Одноглазый, раззевавшись, махнул рукой:
— Жаль, что нет бутылки... Давай спать!
— И правильно! — одобрил Емельян. — Утро вечера мудренее.
— Точно! Утречком пойдем в школу, недалеча — рядом с церквой. Тебе там устроят экзамен.
— А в школу зачем?
— Резиденция обер-лейтенанта и его зондеркоманды. Увидишь... Приготовься к испытанию, — хихикнул одноглазый.
— Готов на все! — бодро произнес Емельян и, взглянув на подбивавшего подушку одноглазого, заметил под ней рукоятку пистолета.
— Лампу будем гасить? — спросил Емельян.
— Оставь. Я привык при огне спать, — сказал одноглазый и натянул на себя одеяло. — И ты привыкай.
Емельян примостился на широкой лавке, стоявшей у стола, напротив кровати одноглазого.
— Ты храпишь?
— Бывает, — вроде сонно ответил Емельян. — А ты?
— Во всю силу... Если станет невмоготу, отправляйся в сени...
— Ничего, стерплю... С дороги устал, — зевнул для вида Емельян.

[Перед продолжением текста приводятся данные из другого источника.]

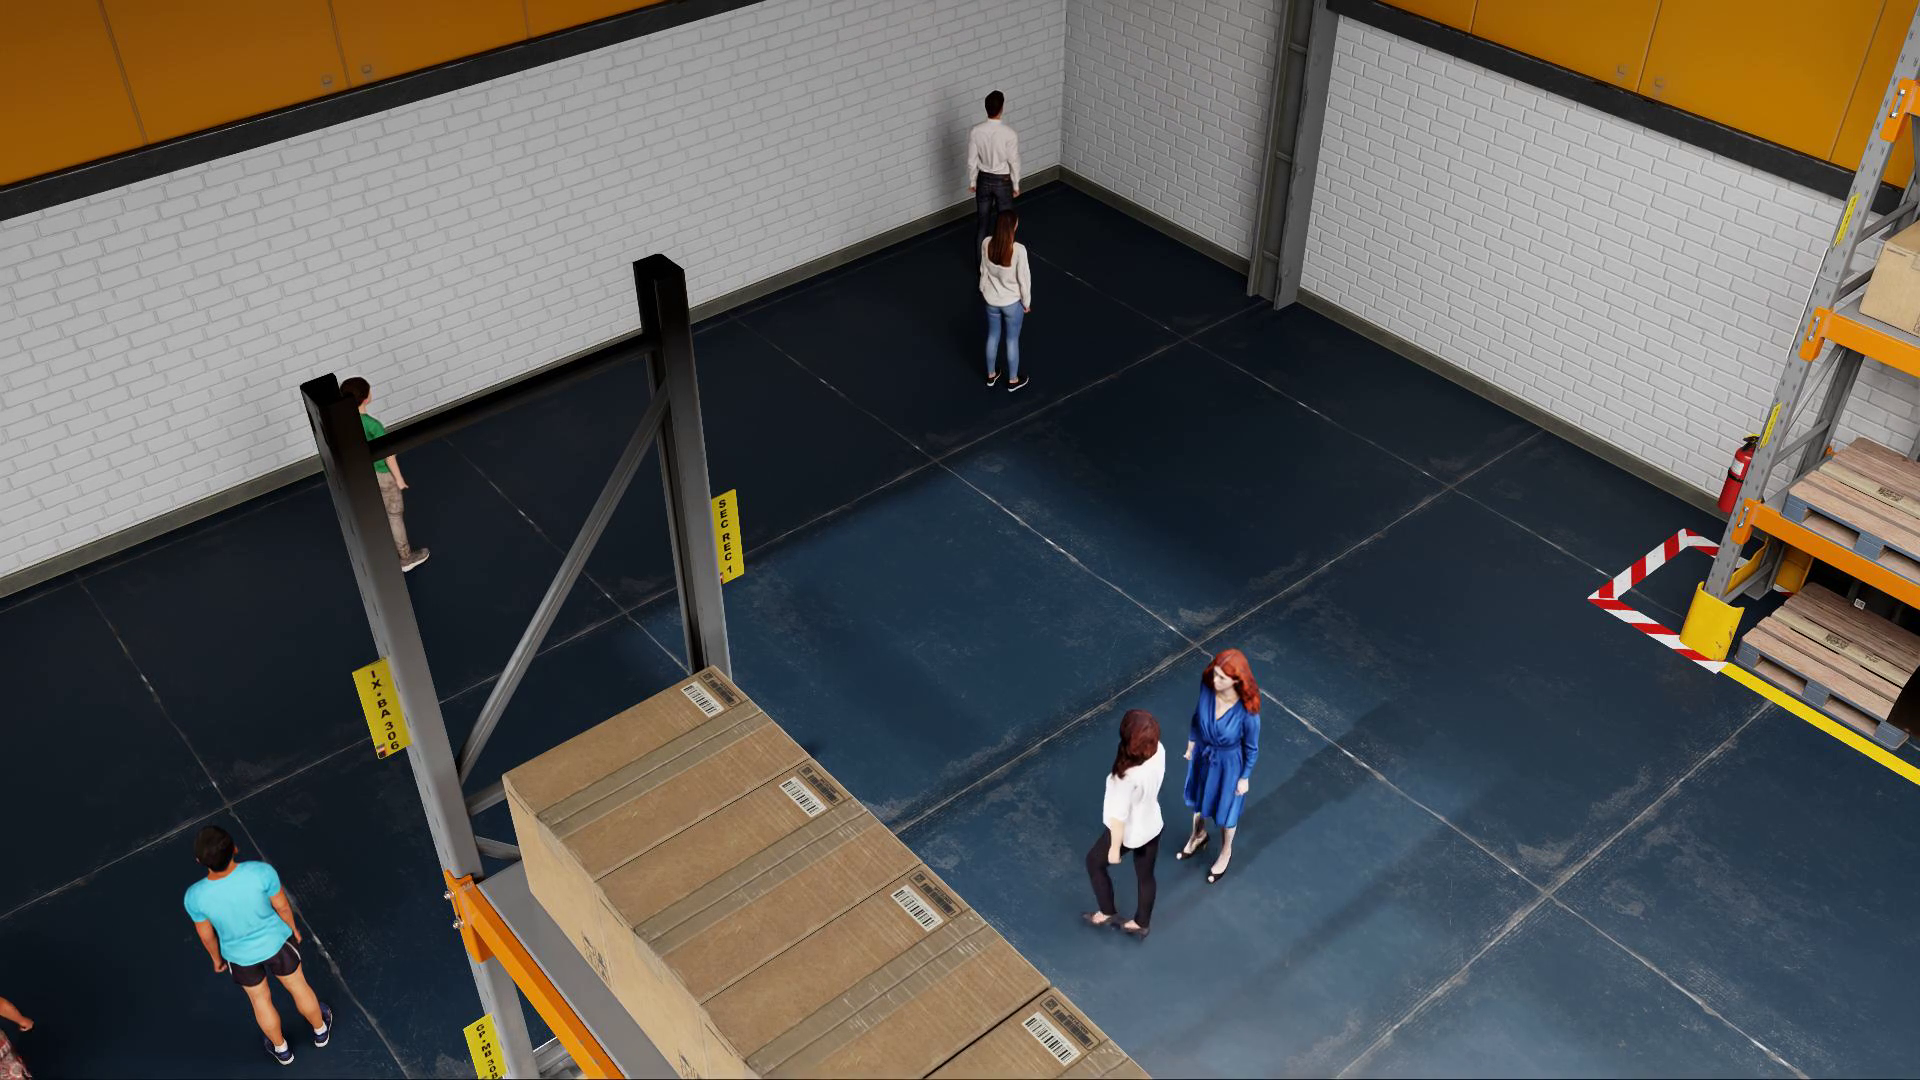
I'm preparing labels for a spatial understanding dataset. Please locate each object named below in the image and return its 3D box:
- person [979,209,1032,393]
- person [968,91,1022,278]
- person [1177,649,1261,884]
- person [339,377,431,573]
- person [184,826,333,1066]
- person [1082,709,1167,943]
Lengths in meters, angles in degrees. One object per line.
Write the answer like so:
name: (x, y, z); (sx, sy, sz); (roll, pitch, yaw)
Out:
person: (0.384, -2.070, 14.321); (0.609, 1.691, 0.754); (20, 43, 23)
person: (0.328, -3.366, 15.799); (0.688, 1.871, 0.799); (10, 40, 12)
person: (1.558, 1.347, 9.933); (0.669, 1.827, 0.498); (-29, 47, -31)
person: (-4.355, -0.487, 12.371); (0.600, 1.651, 0.715); (15, 41, 18)
person: (-3.772, 2.181, 8.929); (0.657, 1.776, 0.597); (-18, 42, -22)
person: (1.070, 1.713, 9.512); (0.695, 1.780, 0.693); (27, 46, 30)

Одноглазый повернулся лицом к стене, громко икнул, выругался и, вместо того чтобы замолкнуть, вдруг заговорил:
— Ох и гульнули! Обер-лейтенант тюфяком стал. Слабак... А повод-то какой, повод! Все партизанско-большевистское отродье подчистую скосили... В кузне. Шестьдесят шесть большевичков под корень... И хаты их огнем слизали... А, ты ничего не знаешь...

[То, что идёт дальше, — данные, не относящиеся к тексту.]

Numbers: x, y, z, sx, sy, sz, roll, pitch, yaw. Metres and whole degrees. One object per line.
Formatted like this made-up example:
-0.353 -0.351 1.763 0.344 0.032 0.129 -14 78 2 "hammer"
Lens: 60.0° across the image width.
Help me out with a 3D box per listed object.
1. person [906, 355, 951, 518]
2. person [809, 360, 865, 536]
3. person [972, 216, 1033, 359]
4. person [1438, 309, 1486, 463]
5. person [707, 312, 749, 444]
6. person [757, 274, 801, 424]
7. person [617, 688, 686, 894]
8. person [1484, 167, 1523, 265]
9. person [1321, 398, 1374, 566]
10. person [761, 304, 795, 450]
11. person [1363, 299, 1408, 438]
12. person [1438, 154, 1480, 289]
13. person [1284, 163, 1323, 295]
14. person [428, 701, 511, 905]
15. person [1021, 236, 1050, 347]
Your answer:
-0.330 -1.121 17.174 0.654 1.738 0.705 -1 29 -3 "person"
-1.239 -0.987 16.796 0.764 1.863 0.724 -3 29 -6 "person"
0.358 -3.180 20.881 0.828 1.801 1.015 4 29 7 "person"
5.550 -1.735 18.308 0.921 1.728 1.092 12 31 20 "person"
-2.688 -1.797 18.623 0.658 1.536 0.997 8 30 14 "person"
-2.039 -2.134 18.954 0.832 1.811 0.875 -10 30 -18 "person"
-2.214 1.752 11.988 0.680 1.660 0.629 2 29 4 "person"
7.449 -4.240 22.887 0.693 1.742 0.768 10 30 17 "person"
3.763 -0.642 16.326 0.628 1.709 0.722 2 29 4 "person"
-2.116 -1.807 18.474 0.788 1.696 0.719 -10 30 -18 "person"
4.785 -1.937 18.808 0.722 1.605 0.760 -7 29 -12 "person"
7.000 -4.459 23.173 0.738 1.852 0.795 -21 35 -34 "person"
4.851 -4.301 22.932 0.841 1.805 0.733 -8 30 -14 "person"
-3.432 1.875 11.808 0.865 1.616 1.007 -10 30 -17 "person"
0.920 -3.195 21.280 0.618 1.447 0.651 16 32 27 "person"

Последнюю фразу одноглазый пробормотал сонно. И захрапел. А Емельян и не собирался спать. Не до сна ему было. В висках стучала одна лишь мысль: расплатиться надо!
Наступил его святой час отмщения за все: за комсомолку Соню, за ров на Мыслотинской горе, за костер из живых людей... Вставай, красноармеец Усольцев, пора браться за дело святое и праведное!

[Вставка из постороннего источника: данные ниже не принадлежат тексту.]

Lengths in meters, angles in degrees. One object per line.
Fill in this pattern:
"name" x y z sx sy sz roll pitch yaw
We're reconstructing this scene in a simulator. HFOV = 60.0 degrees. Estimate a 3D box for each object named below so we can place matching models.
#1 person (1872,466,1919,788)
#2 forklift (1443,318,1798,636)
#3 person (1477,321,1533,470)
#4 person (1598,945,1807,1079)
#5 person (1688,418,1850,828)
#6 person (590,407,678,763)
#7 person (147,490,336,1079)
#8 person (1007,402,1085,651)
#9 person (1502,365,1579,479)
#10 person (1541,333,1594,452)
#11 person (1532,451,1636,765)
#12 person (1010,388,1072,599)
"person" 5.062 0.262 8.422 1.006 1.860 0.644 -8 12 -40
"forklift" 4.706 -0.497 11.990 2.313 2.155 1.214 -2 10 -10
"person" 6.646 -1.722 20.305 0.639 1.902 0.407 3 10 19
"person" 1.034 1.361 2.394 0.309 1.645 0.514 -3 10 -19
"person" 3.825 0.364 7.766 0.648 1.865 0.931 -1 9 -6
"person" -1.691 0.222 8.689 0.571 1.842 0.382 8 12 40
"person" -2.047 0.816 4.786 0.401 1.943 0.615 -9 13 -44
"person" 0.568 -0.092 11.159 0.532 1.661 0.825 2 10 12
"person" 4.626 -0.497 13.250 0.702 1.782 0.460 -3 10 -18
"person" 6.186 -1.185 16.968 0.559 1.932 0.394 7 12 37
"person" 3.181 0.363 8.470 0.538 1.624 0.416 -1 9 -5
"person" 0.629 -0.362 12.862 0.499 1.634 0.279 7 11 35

Емельян поднялся и пошел прямо на одноглазого, сунул руку под подушку и ухватился за пистолет. Вся горница, пропахшая самогонным перегаром, гудела от храпа Федора-полицая. Емельян спокойно приставил ствол пистолета почти вплотную к затылку одноглазого и чуть было не нажал на спусковой крючок, но остановился: будить надо холуя, пусть своими глазами увидит свой конец, подлюга.
— Встать! — властно прогремел Емельян. Одноглазый вздрогнул и нервно, еще лежа, начал шарить под подушкой — нет пистолета! Бросил взгляд на Емельяна и, увидев дуло пистолета, обмяк. Поднялся, прямо на кровати стал на колени и, прижавшись к стенке, начал молить о пощаде:
— Браток, не тронь меня... Я заплачу... Устрою... Озолочу... За что?
— За кузню. За предательство! Сгинь, гнида!
Пуля продырявила лоб полицаю, и он плашмя свалился на постель. На подушку хлынула кровь. Емельян быстро собрался и покинул избу.
Поречье по-прежнему пребывало во сне, а может, и вовсе не спало село, просто, пережив такой адов день, притаилось и застыло, как застывает капля воды, выплеснутая на мороз. Емельян шел по ночной улице и все думал о них, поречанах, попавших, как и жители других селений, куда пришел фашист, в такую беду, из которой есть только один выход — борьба, мщение. Ему вдруг захотелось несбыточного — войти в эти замершие дома и, чтобы все-все услышали, крикнуть: «Не бойтесь, люди, нет больше Гнидюка-карателя!». Но из-за стен, как показалось Емельяну, вырвался возглас-вопрос: а зондеркоманда? Верно, живы еще эти бандиты. Пристроились в школе и почивают себе, сил набирают для ночного разбоя. Ну, погодите!